Висельник
– Не надо! – сказала Нина. – Не надо никаких намерений. Я вам повода не давала.
– Да я, может, к примеру. Как он смеет, – взвился теперь уже я, – как он смеет, самопальный, видите ли, художник, посредственный поэт и бездарный струнощипатель, как он смеет вот так с ходу клеймить человека! Кому – если по-христиански – дано это право? А?
Тут уж паузу взял майор. Но паузу не мхатовскую, а истинно майорскую, натуральную, будто не было за его плечами картин, и стихов, и чтения художественной классической литературы, а были только бездумные нудные дежурства или унылые разбирательства с жульем средней руки да ловитва преступников, укравших средь бела дня у глухой бабушки утюг и бутылку водки, – а потом: прийти домой, скинуть сапожишки, взопревшие носки и мышиные штанцы – да щец похлебать, да задремать у телевизора, накрывшись газетой.
– Я не клеймлю, – молвил он наконец. – Но имею право знакомиться с кем хочу. С вами – не хочу, вот и все. И Нине не советую. По-человечески, обычно, без всякой христианской вашей демагогии. Ясно вам?

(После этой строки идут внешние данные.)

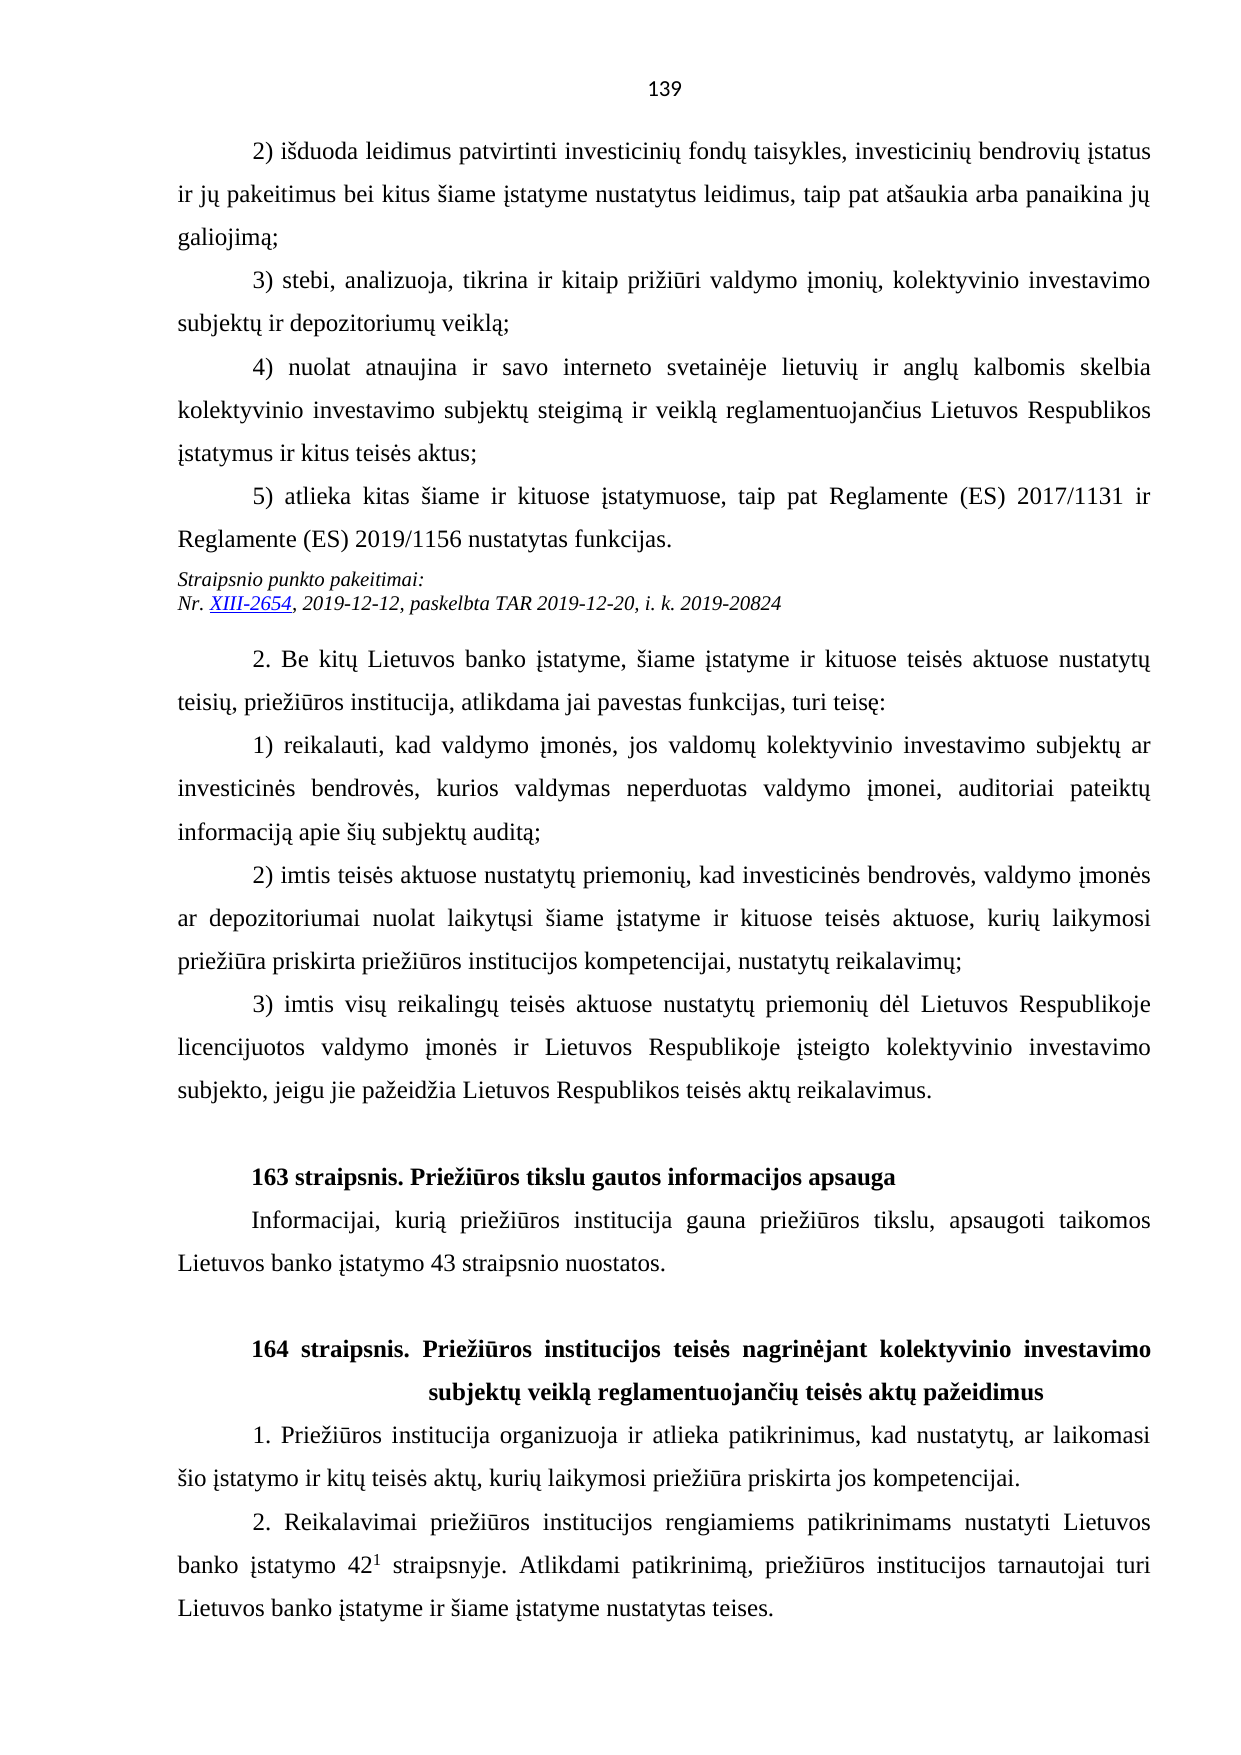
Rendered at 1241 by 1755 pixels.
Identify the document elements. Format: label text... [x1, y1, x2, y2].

text 2) išduoda leidimus patvirtinti investicinių fondų taisykles, investicinių bendrovių įstatus ir jų pakeitimus bei kitus šiame įstatyme nustatytus leidimus, taip pat atšaukia arba panaikina jų galiojimą; [177, 136, 1152, 251]
text 5) atlieka kitas šiame ir kituose įstatymuose, taip pat Reglamente (ES) 2017/1131 ir Reglamente (ES) 2019/1156 nustatytas funkcijas. [177, 481, 1152, 553]
text 1) reikalauti, kad valdymo įmonės, jos valdomų kolektyvinio investavimo subjektų ar investicinės bendrovės, kurios valdymas neperduotas valdymo įmonei, auditoriai pateiktų informaciją apie šių subjektų auditą; [177, 730, 1152, 845]
text 3) stebi, analizuoja, tikrina ir kitaip prižiūri valdymo įmonių, kolektyvinio investavimo subjektų ir depozitoriumų veiklą; [177, 265, 1152, 337]
text 164 straipsnis. Priežiūros institucijos teisės nagrinėjant kolektyvinio investavimo subjektų veiklą reglamentuojančių teisės aktų pažeidimus [251, 1334, 1152, 1406]
text Nr. XIII-2654, 2019-12-12, paskelbta TAR 2019-12-20, i. k. 2019-20824 [177, 591, 1152, 615]
text 3) imtis visų reikalingų teisės aktuose nustatytų priemonių dėl Lietuvos Respublikoje licencijuotos valdymo įmonės ir Lietuvos Respublikoje įsteigto kolektyvinio investavimo subjekto, jeigu jie pažeidžia Lietuvos Respublikos teisės aktų reikalavimus. [177, 989, 1152, 1104]
text 4) nuolat atnaujina ir savo interneto svetainėje lietuvių ir anglų kalbomis skelbia kolektyvinio investavimo subjektų steigimą ir veiklą reglamentuojančius Lietuvos Respublikos įstatymus ir kitus teisės aktus; [177, 352, 1152, 467]
text 2. Be kitų Lietuvos banko įstatyme, šiame įstatyme ir kituose teisės aktuose nustatytų teisių, priežiūros institucija, atlikdama jai pavestas funkcijas, turi teisę: [177, 644, 1152, 716]
text 1. Priežiūros institucija organizuoja ir atlieka patikrinimus, kad nustatytų, ar laikomasi šio įstatymo ir kitų teisės aktų, kurių laikymosi priežiūra priskirta jos kompetencijai. [177, 1420, 1152, 1492]
text 2) imtis teisės aktuose nustatytų priemonių, kad investicinės bendrovės, valdymo įmonės ar depozitoriumai nuolat laikytųsi šiame įstatyme ir kituose teisės aktuose, kurių laikymosi priežiūra priskirta priežiūros institucijos kompetencijai, nustatytų reikalavimų; [177, 860, 1152, 975]
text Informacijai, kurią priežiūros institucija gauna priežiūros tikslu, apsaugoti taikomos Lietuvos banko įstatymo 43 straipsnio nuostatos. [177, 1205, 1152, 1277]
text Straipsnio punkto pakeitimai: [177, 567, 1152, 591]
text 163 straipsnis. Priežiūros tikslu gautos informacijos apsauga [251, 1162, 1152, 1190]
text 2. Reikalavimai priežiūros institucijos rengiamiems patikrinimams nustatyti Lietuvos banko įstatymo 421 straipsnyje. Atlikdami patikrinimą, priežiūros institucijos tarnautojai turi Lietuvos banko įstatyme ir šiame įstatyme nustatytas teises. [177, 1507, 1152, 1622]

– А ведь вы даже не заметили, – не преминул я подкинуть ему, – что стоило на вас прикрикнуть, осадить вас – так вы меня моментально тыкать перестали. А то сразу: «Ты! Сопляк! Пшел вон!» Говорил он так? – спросил я Нину, прекрасно понимая, что ставлю ее в трудное положение.
– Он чувствует, – избежала Нина прямого ответа. – Он всегда чувствует, плохой человек или хороший.
– Да ты-то откуда знаешь? На слово веришь? Человек ушел, оплеванный, а через полчаса, может, старушку из-под трамвая выволок, пожертвовав собственными ногами! Ты хоть одну судьбу потом проследила?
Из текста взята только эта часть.